'Liberating' Women from Reproduction
At the front of it, the thought of liberating women from reproduction seems to be a positive thing since women will no longer be required to bear the pain of childbirth and there would be a less overt link between women and childrearing as since the offspring has not physically come out of the mother, one would hope, women would no longer be 'naturally' expected to continue nurturing such offspring. Although I am not sure if these attitudes would really change. If we look at other examples of new technologies which could be potentionally challenging in terms of social ideologies, we can see a trend for existing ideologies to be re-presented in these new spaces created by such technology. An example of this, discussed in our tutorial this week is the way that the online BEV community re-presented attitudes already present within the 'real' Blacksburg and also the ways in which the space of the internet is in fact not the utopian classless, genderless, raceless space imagined as discussed in McGerty's article. What I am suggesting is that in reality women, even if they were 'liberated' from pregnancy and giving birth, would still be responsible for the majority of childrearing duties as is the case currently, unless social ideology were to change dramatically, which I am suggesting, it would not.

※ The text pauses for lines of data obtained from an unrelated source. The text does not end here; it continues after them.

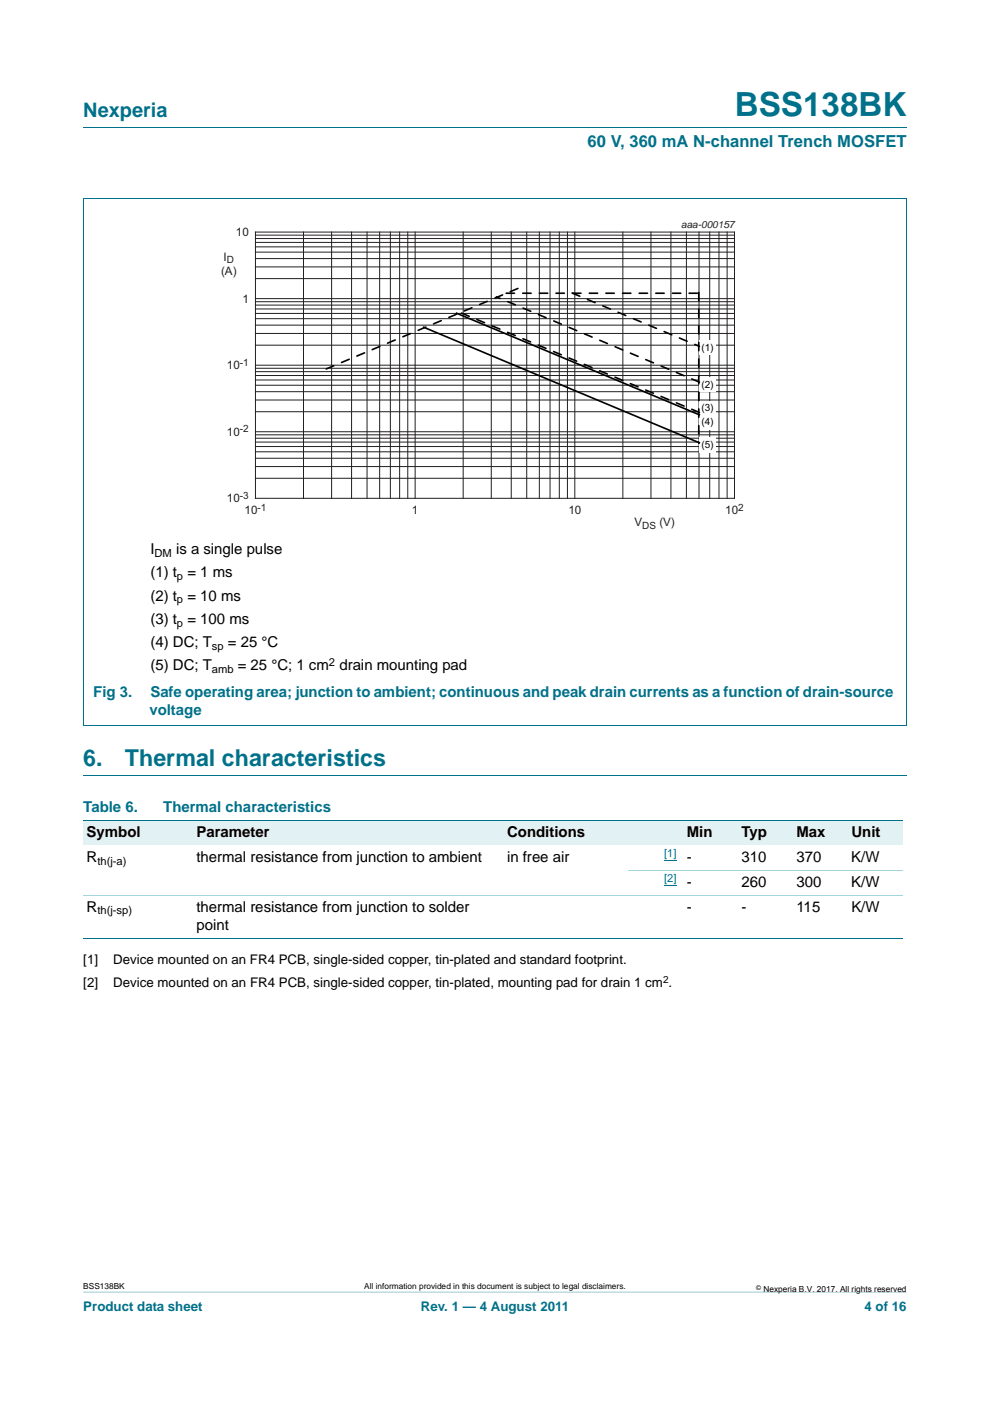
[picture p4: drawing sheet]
<svg xmlns="http://www.w3.org/2000/svg" width="210mm" height="297mm" viewBox="0 0 210 297" stroke-linecap="round" stroke-linejoin="round" font-family="sans-serif">
<defs><g id="words">
<text font-size="7" fill="#00718a" x="155.9" y="24.6">BSS138BK</text>
<g font-size="4.9" fill="#00718a">
<text x="17.7" y="162.4">6.</text>
<text x="26.5" y="162.4">Thermal characteristics</text>
</g>
<text font-size="4.2" fill="#00718a" x="17.7" y="24.9">Nexperia</text>
<text font-size="3.5" fill="#00718a" x="124.6" y="31.1">60 V, 360 mA N-channel Trench MOSFET</text>
<g font-size="3.2">
<text x="31.9" y="117.5">I</text>
<text x="37.3" y="117.5">is a single pulse</text>
<text x="31.9" y="122.4">(1) t = 1 ms</text>
<text x="31.9" y="127.3">(2) t = 10 ms</text>
<text x="31.9" y="132.3">(3) t = 100 ms</text>
<text x="31.9" y="137.2">(4) DC; T</text>
<text x="48.3" y="137.2">= 25 °C</text>
<text x="31.9" y="142.2">(5) DC; T</text>
<text x="50.4" y="142.2">= 25 °C; 1 cm</text>
<text x="72" y="142.2">drain mounting pad</text>
<text x="18.4" y="177.4">Symbol</text>
<text x="41.7" y="177.4">Parameter</text>
<text x="107.5" y="177.4">Conditions</text>
<text x="145.6" y="177.4">Min</text>
<text x="157.3" y="177.4">Typ</text>
<text x="168.9" y="177.4">Max</text>
<text x="180.6" y="177.4">Unit</text>
<text x="18.4" y="182.7">R</text>
<text x="41.7" y="182.7">thermal resistance from junction to ambient</text>
<text x="107.5" y="182.7">in free air</text>
<text x="145.6" y="182.7">-</text>
<text x="157.3" y="182.7">310</text>
<text x="168.9" y="182.7">370</text>
<text x="180.6" y="182.7">K/W</text>
<text x="145.6" y="188">-</text>
<text x="157.3" y="188">260</text>
<text x="168.9" y="188">300</text>
<text x="180.6" y="188">K/W</text>
<text x="18.4" y="193.3">R</text>
<text x="41.7" y="193.3">thermal resistance from junction to solder</text>
<text x="41.7" y="197.2">point</text>
<text x="145.6" y="193.3">-</text>
<text x="157.3" y="193.3">-</text>
<text x="168.9" y="193.3">115</text>
<text x="180.6" y="193.3">K/W</text>
</g>
<g font-size="3.2" fill="#00718a">
<text x="19.8" y="147.8">Fig 3.</text>
<text x="31.9" y="147.8">Safe operating area; junction to ambient; continuous and peak drain currents as a function of drain-source</text>
<text x="31.7" y="151.7">voltage</text>
<text x="17.7" y="172.1">Table 6.</text>
<text x="34.6" y="172.1">Thermal characteristics</text>
</g>
<g font-size="2.8">
<text x="17.7" y="204.4">[1]</text>
<text x="17.7" y="209.3">[2]</text>
<text x="24" y="204.4">Device mounted on an FR4 PCB, single-sided copper, tin-plated and standard footprint.</text>
<text x="24" y="209.3">Device mounted on an FR4 PCB, single-sided copper, tin-plated, mounting pad for drain 1 cm .</text>
</g>
<g font-size="2.8" fill="#00718a">
<text x="17.7" y="277.9">Product data sheet</text>
<text x="89.3" y="277.9">Rev. 1 — 4 August 2011</text>
<text x="183.4" y="277.9">4 of 16</text>
</g>
<g font-size="2.5" fill="#231f20">
<text x="50" y="50.1">10</text>
<text x="46.9" y="58.2">(A)</text>
<text x="47.4" y="55.2">I</text>
<text x="51.4" y="64.2">1</text>
<text x="48.1" y="78.3">10</text>
<text x="48.1" y="92.4">10</text>
<text x="48.1" y="106.5">10</text>
<text x="51.9" y="109">10</text>
<text x="87.4" y="109">1</text>
<text x="120.5" y="109">10</text>
<text x="134.6" y="111.6">V</text>
<text x="139.8" y="111.6">(V)</text>
<text x="153.8" y="109">10</text>
</g>
<g font-size="2.4">
<text x="32.8" y="118">DM</text>
<text x="37.5" y="123">p</text>
<text x="37.5" y="127.9">p</text>
<text x="37.5" y="132.8">p</text>
<text x="44.9" y="137.8">sp</text>
<text x="44.9" y="142.7">amb</text>
<text x="69.8" y="141.2">2</text>
<text x="20.7" y="183.3">th(j-a)</text>
<text x="20.7" y="193.9">th(j-sp)</text>
</g>
<g font-size="2.4" fill="#00f">
<text x="140.9" y="181.8">[1]</text>
<text x="140.9" y="187.1">[2]</text>
</g>
<g font-size="2.1" fill="#231f20">
<text x="144.5" y="48.4">aaa-000157</text>
<text x="48.1" y="55.7">D</text>
<text x="50.9" y="77.5">-1</text>
<text x="50.9" y="91.6">-2</text>
<text x="50.9" y="105.8">-3</text>
<text x="54.6" y="108.3">-1</text>
<text x="136.2" y="112.1">DS</text>
<text x="156.6" y="108.3">2</text>
</g>
<g font-size="2.1" fill="#020303">
<text x="148.8" y="74.3">(1)</text>
<text x="148.8" y="82.3">(2)</text>
<text x="148.8" y="87.2">(3)</text>
<text x="148.8" y="90.1">(4)</text>
<text x="148.8" y="95">(5)</text>
</g>
<text font-size="2.1" x="140.6" y="208.4">2</text>
<g font-size="1.8">
<text x="17.7" y="273.3">BSS138BK</text>
<text x="77.3" y="273.3">All information provided in this document is subject to legal disclaimers.</text>
<text x="161.9" y="273.9">Nexperia B.V. 2017. All rights reserved</text>
</g>
<text font-size="1.4" x="160.4" y="273.4">©</text>
</g></defs>
<path d="M17.7 273.9l174.6 .1z" fill="#00718a"/>
<path d="M17.7 27h174.6M17.6 42.1h174.7M17.7 42.2v111.6h174.6v-111.6M17.7 164.4h174.6" fill="none" stroke="#00718a" stroke-width=".21"/>
<path d="M41.5 46.4h127v66.3h-127z" fill="none" stroke="#fff" stroke-width=".21"/>
<g fill="none" stroke="#231f20" stroke-width=".21">
<path d="M54.2 59.1h101.6M54.2 56.6h101.6M54.2 54.8h101.6M54.2 53.5h101.6M54.2 52.3h101.6M54.2 51.4h101.6M54.2 50.6h101.6M54.2 49.9h101.6M54.2 49.2h101.6v56.5h-101.6zM64.4 49.2v56.5M70.3 49.2v56.5M74.6 49.2v56.5"/>
<path d="M77.9 49.2v56.5M80.5 49.2v56.5M82.8 49.2v56.5M84.8 49.2v56.5M86.5 49.2v56.5M88.1 49.2v56.5M98.2 49.2v56.5M104.2 49.2v56.5M108.4 49.2v56.5M111.7 49.2v56.5M114.4 49.2v56.5M116.7 49.2v56.5"/>
<path d="M118.6 49.2v56.5M120.4 49.2v56.5M121.9 49.2v56.5M132.1 49.2v56.5M138.1 49.2v56.5M142.3 49.2v56.5M145.6 49.2v56.5M148.3 49.2v56.5M150.5 49.2v56.5M152.5 49.2v56.5M154.2 49.2v56.5M54.2 79.6h101.6"/>
<path d="M54.2 78.8h101.6M54.2 78.1h101.6M54.2 77.4h101.6M54.2 73.2h101.6M54.2 70.7h101.6M54.2 68.9h101.6M54.2 67.6h101.6M54.2 66.5h101.6M54.2 65.5h101.6M54.2 64.7h101.6M54.2 64h101.6M54.2 63.3h101.6"/>
<path d="M54.2 98.9h101.6M54.2 97.2h101.6M54.2 95.8h101.6M54.2 94.7h101.6M54.2 93.7h101.6M54.2 92.9h101.6M54.2 92.2h101.6M54.2 91.5h101.6M54.2 87.3h101.6M54.2 84.8h101.6M54.2 83h101.6M54.2 81.7h101.6"/>
<path d="M54.2 80.6h101.6M54.2 101.4h101.6"/>
</g>
<path d="M69.2 78.2l41.1-17.2" fill="none" stroke="#020303" stroke-width=".35" stroke-dasharray="1.8 1.8"/>
<g fill="#fff">
<path d="M148.3 72.1h3.6v3.2h-3.6z" fill-rule="evenodd"/>
<path d="M148.3 80h3.6v3.2h-3.6z" fill-rule="evenodd"/>
<path d="M148.3 85h3.6v6.1h-3.6z" fill-rule="evenodd"/>
<path d="M148.3 92.7h3.6v3.3h-3.6z" fill-rule="evenodd"/>
</g>
<path d="M107.4 62.2h41M121.3 62.1l27.1 11.3M148.2 62v32M148.4 87.5l-50.8-21.3M148.4 81l-43.1-18.1" fill="none" stroke="#020303" stroke-width=".35" stroke-dasharray="1.8 1.8"/>
<path d="M89.7 69.3l58.8 24.6M96.7 66.3l51.8 21.7" fill="none" stroke="#020303" stroke-width=".35"/>
<g fill="#e2f1f4">
<path d="M17.7 173.9h23.3v5.3h-23.3z"/>
<path d="M41 173.9h65.8v5.3h-65.8z"/>
<path d="M106.8 173.9h26.5v5.3h-26.5z"/>
<path d="M133.3 173.9h23.3v5.3h-23.3z"/>
<path d="M156.6 173.9h11.6v5.3h-11.6z"/>
<path d="M168.2 173.9h11.7v5.3h-11.7z"/>
<path d="M179.9 173.9h11.6v5.3h-11.6z"/>
</g>
<path d="M140.9 182.5h2.6M140.9 187.8h2.6" fill="none" stroke="#00f" stroke-width=".21"/>
<path d="M17.7 173.9h173.8M17.7 198.9h173.8" fill="none" stroke="#00718a" stroke-width=".21"/>
<path d="M17.7 189.8h173.8M133.3 184.5h58.2" fill="none" stroke="#a5d5dc" stroke-width=".21"/>
<use href="#words"/>
</svg>

Another interesting angle of this argument is presented in Germaine Greer's The Whole Woman which is a responsorial text to the path feminism has taken since her first text The Female Eunich In The Whole Woman, Greer suggests that if women were to be liberated from childbirth through the production of 'artifical wombs' that they would no longer be needed by patriarchal society and would thus be disposed of and in effect 'bred out'. What is the need for a woman in such a society, she asks, especially since all embrios can be genetically modified to be male. Of course this is an extreme position, but it is an interesting idea. What would be the use of a woman in such a society now that she is no longer required for the survival of the species? I would suggest that she is needed to take on the dirty work of bringing up the children anyway - although robotic 'nannies' can be produced to this effect. Besides in all honesty society would not be balanced without the female of the species and there is always the pleasure principal, can technology ever be that advanced in that respect?